Hello,
given 2 different finite $p$-groups $G$ and $H$, $|G|=|H|=p^n$. It has been shown by Ian Leary that the mod-p cohomology rings do not determine the groups $G$ and $H$. In fact he gave an example of such groups. Are there more known examples of pairs of non-isomorphic groups that give rise to the same cohomology ring?
Thanks in advance.
Let $\Gamma$ be the kernel of the reduction map $GL_n(\mathbb{Z}/p^3\mathbb{Z}) \to GL_n(\mathbb{Z}/p\mathbb{Z})$. $\Gamma$ is a non-abelian group of order $p^{2n^2}$ and $p$-rank $n^2$. Its mod-$p$ cohomology is $$ H^\ast(\Gamma;\mathbb{F}_p) = \mathbb{F}_p[x_1,...,x_{n^2}] \otimes \Lambda(y_1,...,y_{n^2}).$$ In particular the cohomology ring equals those of the abelian group $(\mathbb{Z}/p^2\mathbb{Z})^{n^2}.$ As a reference for the cohomology of $\Gamma$ see this paper of Browder and Pakianathan (Theorem 1 and the example after Prop. 2.5).

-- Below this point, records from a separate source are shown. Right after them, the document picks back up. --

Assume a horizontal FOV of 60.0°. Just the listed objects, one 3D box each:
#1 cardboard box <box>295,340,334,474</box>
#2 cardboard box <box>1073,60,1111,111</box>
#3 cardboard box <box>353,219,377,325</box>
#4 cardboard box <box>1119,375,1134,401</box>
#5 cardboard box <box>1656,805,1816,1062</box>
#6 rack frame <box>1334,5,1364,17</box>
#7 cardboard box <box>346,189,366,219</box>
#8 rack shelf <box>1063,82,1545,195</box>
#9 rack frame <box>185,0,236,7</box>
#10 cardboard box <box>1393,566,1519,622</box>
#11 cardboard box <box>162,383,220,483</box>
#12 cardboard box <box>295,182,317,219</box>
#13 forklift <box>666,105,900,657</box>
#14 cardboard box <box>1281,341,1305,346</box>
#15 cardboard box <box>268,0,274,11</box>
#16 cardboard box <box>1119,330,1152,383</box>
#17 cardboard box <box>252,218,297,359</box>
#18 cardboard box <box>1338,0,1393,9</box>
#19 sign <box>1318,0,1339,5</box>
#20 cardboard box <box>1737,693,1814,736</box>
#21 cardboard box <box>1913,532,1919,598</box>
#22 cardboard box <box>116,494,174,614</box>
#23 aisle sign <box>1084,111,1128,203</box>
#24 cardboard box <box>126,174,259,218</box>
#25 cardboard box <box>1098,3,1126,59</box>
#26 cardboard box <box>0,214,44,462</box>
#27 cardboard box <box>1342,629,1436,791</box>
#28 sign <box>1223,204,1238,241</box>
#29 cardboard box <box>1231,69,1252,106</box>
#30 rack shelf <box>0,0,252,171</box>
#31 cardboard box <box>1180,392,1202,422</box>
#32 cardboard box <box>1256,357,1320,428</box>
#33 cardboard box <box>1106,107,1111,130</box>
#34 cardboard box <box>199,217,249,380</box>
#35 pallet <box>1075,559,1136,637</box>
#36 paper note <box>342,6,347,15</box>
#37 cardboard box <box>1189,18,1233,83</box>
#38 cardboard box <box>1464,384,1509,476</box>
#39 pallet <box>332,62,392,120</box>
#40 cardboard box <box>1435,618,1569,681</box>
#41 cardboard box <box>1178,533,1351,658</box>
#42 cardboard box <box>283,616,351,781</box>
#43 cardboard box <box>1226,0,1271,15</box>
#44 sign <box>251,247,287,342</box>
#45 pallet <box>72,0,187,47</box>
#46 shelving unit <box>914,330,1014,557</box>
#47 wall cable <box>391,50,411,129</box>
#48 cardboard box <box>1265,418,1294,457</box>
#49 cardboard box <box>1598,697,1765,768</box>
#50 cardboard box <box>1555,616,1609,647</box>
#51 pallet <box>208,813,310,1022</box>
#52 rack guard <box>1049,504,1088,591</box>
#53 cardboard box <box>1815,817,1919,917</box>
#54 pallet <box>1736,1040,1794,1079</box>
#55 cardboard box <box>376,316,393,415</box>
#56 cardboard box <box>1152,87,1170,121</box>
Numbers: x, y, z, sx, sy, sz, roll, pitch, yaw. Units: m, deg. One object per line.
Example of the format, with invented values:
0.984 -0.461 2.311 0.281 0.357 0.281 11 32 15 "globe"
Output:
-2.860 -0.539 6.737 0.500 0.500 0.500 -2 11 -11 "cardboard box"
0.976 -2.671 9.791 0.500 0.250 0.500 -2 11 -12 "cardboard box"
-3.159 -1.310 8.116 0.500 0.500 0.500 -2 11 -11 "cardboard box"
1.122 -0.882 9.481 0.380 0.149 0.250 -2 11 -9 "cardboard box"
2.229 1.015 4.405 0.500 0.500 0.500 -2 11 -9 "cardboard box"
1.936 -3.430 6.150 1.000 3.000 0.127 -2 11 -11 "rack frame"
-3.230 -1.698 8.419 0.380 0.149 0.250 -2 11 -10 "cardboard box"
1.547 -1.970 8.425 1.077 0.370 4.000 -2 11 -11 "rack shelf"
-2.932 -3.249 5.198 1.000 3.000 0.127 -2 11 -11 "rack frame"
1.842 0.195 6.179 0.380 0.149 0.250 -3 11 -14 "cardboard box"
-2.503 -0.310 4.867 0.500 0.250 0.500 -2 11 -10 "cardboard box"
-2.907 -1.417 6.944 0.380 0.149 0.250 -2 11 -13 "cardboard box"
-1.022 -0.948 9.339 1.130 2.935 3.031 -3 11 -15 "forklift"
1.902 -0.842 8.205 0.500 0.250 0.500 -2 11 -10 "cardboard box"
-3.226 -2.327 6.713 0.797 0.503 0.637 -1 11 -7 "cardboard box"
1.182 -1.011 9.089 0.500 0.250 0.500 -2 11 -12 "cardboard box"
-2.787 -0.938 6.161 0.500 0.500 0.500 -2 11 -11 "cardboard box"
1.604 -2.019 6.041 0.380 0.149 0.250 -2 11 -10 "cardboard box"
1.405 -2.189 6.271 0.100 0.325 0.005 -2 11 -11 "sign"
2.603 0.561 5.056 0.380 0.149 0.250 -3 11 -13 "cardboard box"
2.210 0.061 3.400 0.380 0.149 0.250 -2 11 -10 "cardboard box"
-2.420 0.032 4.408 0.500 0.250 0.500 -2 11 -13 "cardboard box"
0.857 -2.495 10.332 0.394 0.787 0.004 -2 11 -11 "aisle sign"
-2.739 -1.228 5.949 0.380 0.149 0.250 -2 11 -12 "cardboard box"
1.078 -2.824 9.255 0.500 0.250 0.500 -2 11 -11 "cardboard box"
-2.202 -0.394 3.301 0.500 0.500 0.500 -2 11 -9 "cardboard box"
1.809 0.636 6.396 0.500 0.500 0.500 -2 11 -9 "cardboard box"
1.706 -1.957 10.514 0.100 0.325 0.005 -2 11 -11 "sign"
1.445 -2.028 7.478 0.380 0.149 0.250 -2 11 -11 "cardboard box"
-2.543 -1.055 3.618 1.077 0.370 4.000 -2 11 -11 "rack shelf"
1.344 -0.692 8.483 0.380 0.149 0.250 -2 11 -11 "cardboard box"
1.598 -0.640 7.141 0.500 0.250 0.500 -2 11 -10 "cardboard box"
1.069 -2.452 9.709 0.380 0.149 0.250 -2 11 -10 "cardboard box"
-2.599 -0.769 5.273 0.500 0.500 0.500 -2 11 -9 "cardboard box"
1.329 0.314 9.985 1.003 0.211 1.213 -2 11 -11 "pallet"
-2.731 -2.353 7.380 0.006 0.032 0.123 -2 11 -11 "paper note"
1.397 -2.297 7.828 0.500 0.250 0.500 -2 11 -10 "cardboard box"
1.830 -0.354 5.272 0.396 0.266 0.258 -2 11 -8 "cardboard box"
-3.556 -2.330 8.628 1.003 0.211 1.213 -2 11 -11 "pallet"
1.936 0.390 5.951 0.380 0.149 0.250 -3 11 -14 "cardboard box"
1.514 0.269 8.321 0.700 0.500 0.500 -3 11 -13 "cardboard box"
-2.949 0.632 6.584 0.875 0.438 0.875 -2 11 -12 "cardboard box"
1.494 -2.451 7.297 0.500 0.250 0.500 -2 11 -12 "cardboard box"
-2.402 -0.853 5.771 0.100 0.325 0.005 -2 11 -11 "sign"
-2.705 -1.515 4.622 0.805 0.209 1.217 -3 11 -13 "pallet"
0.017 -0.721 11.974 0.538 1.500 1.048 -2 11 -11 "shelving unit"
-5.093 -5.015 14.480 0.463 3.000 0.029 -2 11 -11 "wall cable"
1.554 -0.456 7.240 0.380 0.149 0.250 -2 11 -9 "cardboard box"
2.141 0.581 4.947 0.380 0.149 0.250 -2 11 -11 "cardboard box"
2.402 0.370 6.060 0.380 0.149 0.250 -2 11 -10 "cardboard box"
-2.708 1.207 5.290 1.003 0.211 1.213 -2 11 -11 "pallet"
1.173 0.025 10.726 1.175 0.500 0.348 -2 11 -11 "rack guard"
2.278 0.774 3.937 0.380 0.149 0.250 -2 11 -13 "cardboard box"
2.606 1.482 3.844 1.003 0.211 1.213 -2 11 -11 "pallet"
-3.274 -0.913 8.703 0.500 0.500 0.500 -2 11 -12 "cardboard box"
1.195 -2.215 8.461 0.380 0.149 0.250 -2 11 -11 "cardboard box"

Remark 1: There is a classification of finite groups those mod-p cohomology ring equals the cohomology of an abelian p-group. This can be used to obtain further examples. As reference see Theorem B in the following paper of Weigel.
Remark 2: In the examples above only the cohomology rings as abstract rings agree. I can remember of having seen somewhere an example of non-isomorphic 2-groups of the same order those cohomology rings even agreed as Steenrod algebras.